Both command produce identical results: $FILE is truncated to 0-length.

   However, the following command gives me the result I want:

   cat $FILE | sed s/"$ENTRY"/"$NEWENTRY"/ | tee $FILE 1>/dev/null

So now my script works but I don't really understand why.  I've tested
this on SunOs 4.1 and Interactive SysV 2.2, no difference.  Is there
something simple about pipes or I/O redirection that I'm not grasping?
Or is this a feature of cat?  

   Any enlightenment would be appreciated.  Also, if you can think of
a better way to do the same thing (short of using perl), please let
me know.

                              Curious Rich

------------------------------------------------------------------------------
Rich Lenihan                 UUCP: mit-eddie!progress!rich
Progress Software Corp.      Internet: rich@progress.com
5 Oak Park                   >-   Insert funny stuff here  -<
Bedford, MA  01730           >-Draw amusing symbols, logo's-<
USA                          >-     or characters here     -<

jik@cats.ucsc.edu (Jonathan I Kamens) (06/01/91)

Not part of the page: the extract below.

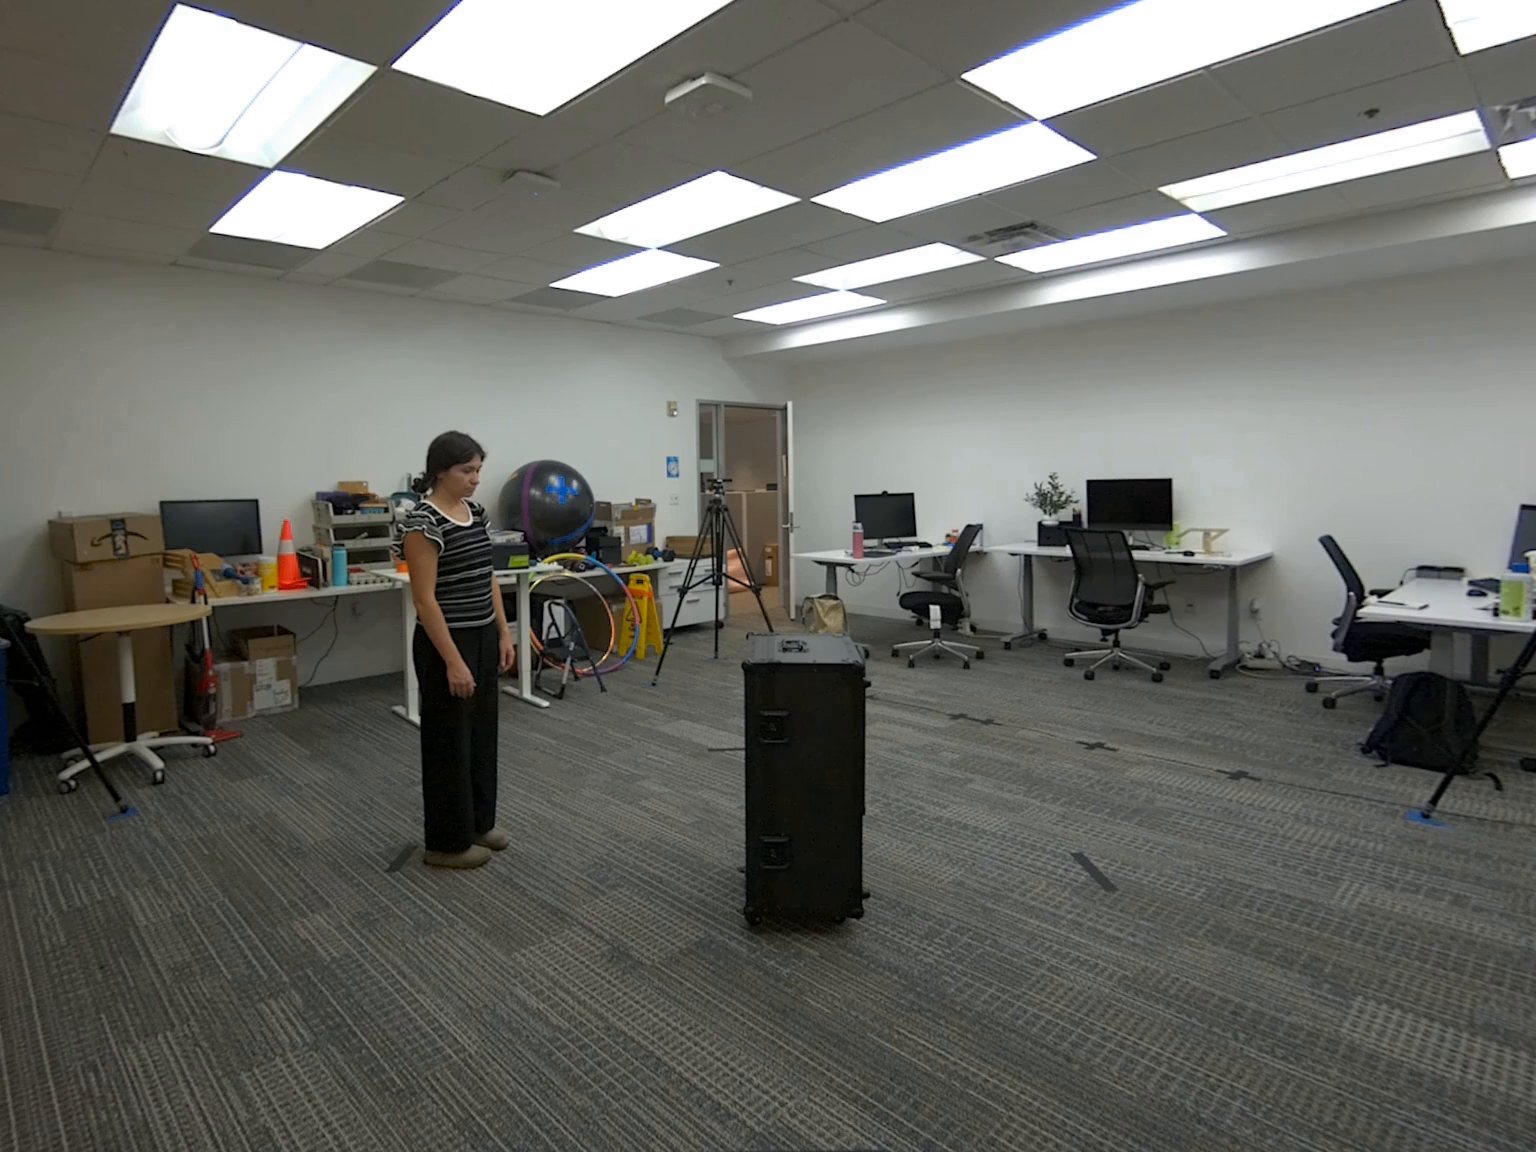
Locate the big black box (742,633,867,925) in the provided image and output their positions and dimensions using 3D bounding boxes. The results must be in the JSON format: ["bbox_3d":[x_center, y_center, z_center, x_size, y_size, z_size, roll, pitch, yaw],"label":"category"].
[{"bbox_3d":[0.122,0.654,2.795,0.397,0.859,0.521,0,4,2],"label":"big black box"}]

In article <1991May31.165446.1530@progress.com>, root@progress.COM (Root of all Evil) writes:
|>    cat $FILE | sed s/"$ENTRY"/"$NEWENTRY"/ > $FILE
|> 
|>    cat $FILE | sed s/"$ENTRY"/"$NEWENTRY"/ | cat > $FILE

In this case, you're using shell redirection to output to the file.  Shell
redirection takes place before any of the commands on the command line
actually get run.  Therefore, the shell opens $FILE and truncates it in
preparation for sending output to it *before* the "cat" at the beginning of
the pipeline opens it in order to read it.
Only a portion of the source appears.